Markup Languages for Complex Documents

About MLCD

Virtually all electronic documents contain markup in some form or other. Most current standards for generic markup are based on SGML (Standard Generalized Markup Language). For example, the SGML-based markup language HTML (Hypertext Markup Language) is an essential part of the technology underlying the World Wide Web. SGML's subset XML (Extensible Markup Language) plays a crucial role as exchange format in sectors ranging from industry over business and administration to education and academic research.

XML documents can be regarded as linearizations of trees using a notation similar to labelled bracketing, and the trees so represented can be regarded as parse trees or abstract data structures conforming to the grammar defined in the documents' DTD or schema. These close ties between linearization, data structure, and grammar have been essential to the success of XML.

Notwithstanding XML's strengths, crucial problems invite further research. Most notably, since XML is based on context-free or constituent structure grammars, there are difficulties representing overlapping, fragmented or disordered elements, and multiple co-existing alternative structures.

Such complex structures are ubiquitous in traditional as well as in "digitally born" documents. For example, pages, columns and lines tend to overlap with chapters, sections and sentences in almost every printed or hand-written document. Sentences and direct speech tend to overlap in prose, verse lines and sentences in poetry, speeches and various other phenomena in drama. Any attempt to record the world's written cultural heritage without taking such structures into account runs the risk of misrepresenting the original sources. Complex structures are also frequent in databases, computer games, computer-based literature and linguistically annotated corpora.

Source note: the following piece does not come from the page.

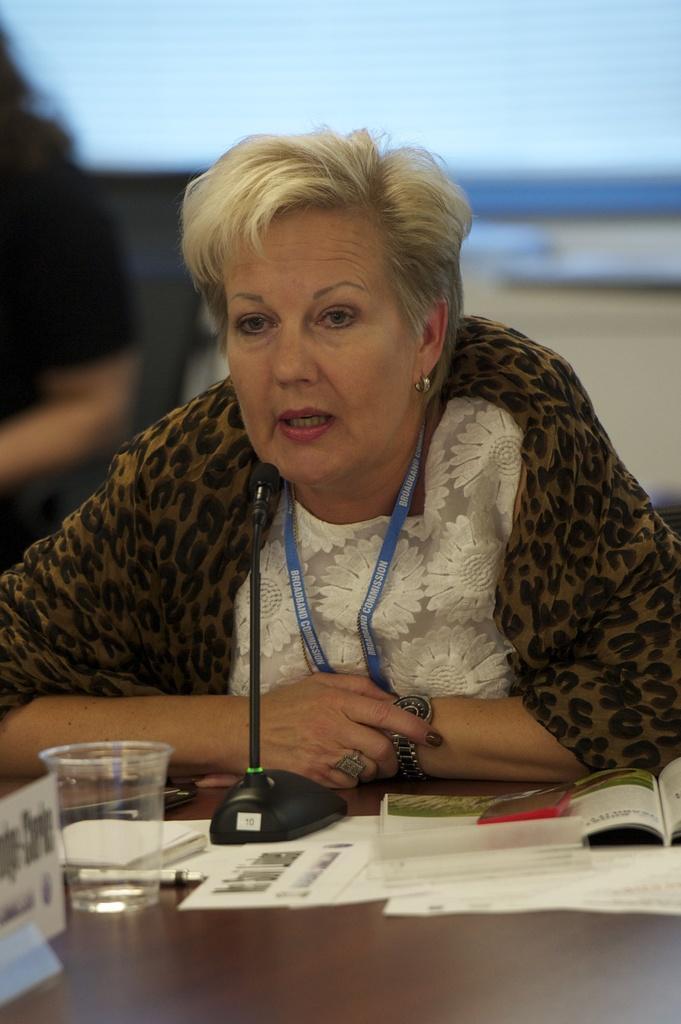In one or two sentences, can you explain what this image depicts? This picture shows a woman seated and speaking with the help of a microphone and we see some papers and a glass on the table. 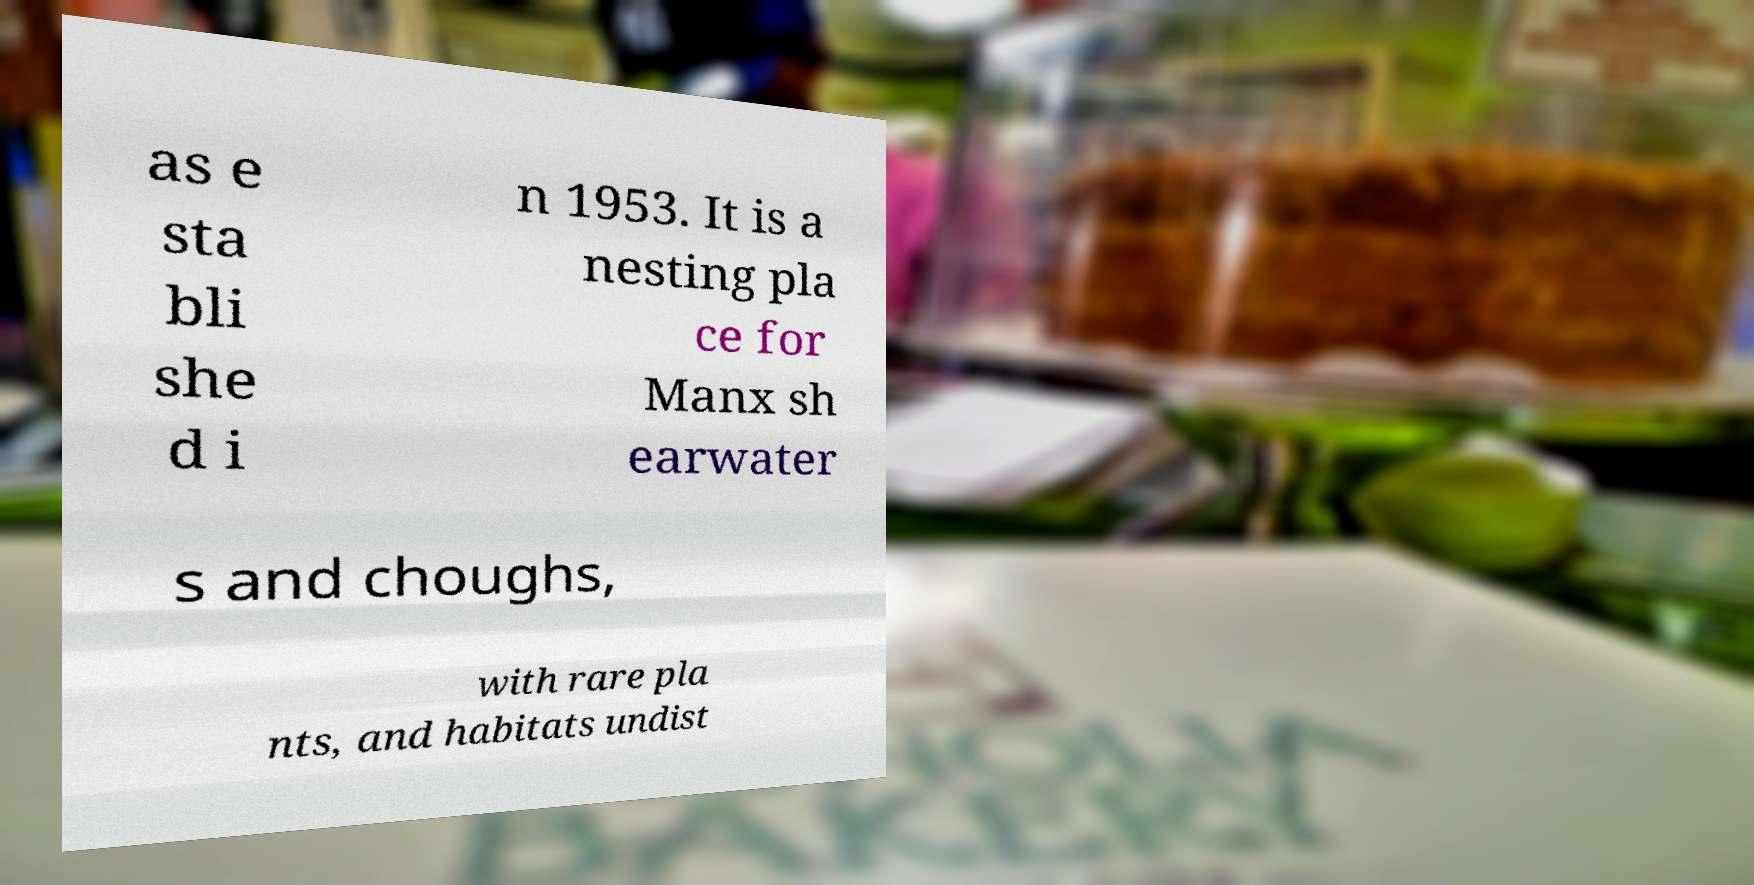Could you extract and type out the text from this image? as e sta bli she d i n 1953. It is a nesting pla ce for Manx sh earwater s and choughs, with rare pla nts, and habitats undist

MLCD aims to provide a notation, a data structure and a constraint language which as far as possible is compatible with and retains the strengths of XML-based markup, yet solves the problems with representation and processing of complex structures. The project also contributes in attempts to develop a formal semantics for markup systems. Solutions to the problems addressed by the project have to be practically feasible as well as theoretically sound. Therefore, the project develops experimental and prototype application software as proof of concept.

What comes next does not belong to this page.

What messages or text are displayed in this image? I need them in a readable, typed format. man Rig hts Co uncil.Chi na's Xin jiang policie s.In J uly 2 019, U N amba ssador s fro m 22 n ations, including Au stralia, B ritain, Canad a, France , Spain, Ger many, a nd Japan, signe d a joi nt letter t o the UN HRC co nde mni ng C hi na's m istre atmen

Work on MLCD started in 2001. The project is a collaboration between researchers currently at the universities of Bergen (Norway), Montréal (Canada), and at Black Mesa Technologies (New Mexico, USA). The project is lead by Claus Huitfeldt (University of Bergen), and its web resources are hosted by Black Mesa Technologies. It has received funding from the University of Bergen, Uni Digital, and the Meltzer Foundation.

MLCD is expected to have practical as well as theoretical significance. If the project is successful, future document technology may respond better to the needs of scholars and other document creators and their audiences than is the case today. The cross-disciplinary nature of the project may also lay the foundation for new approaches to document theory which have better chances of reconciling markup technology with adequate theories of document structure.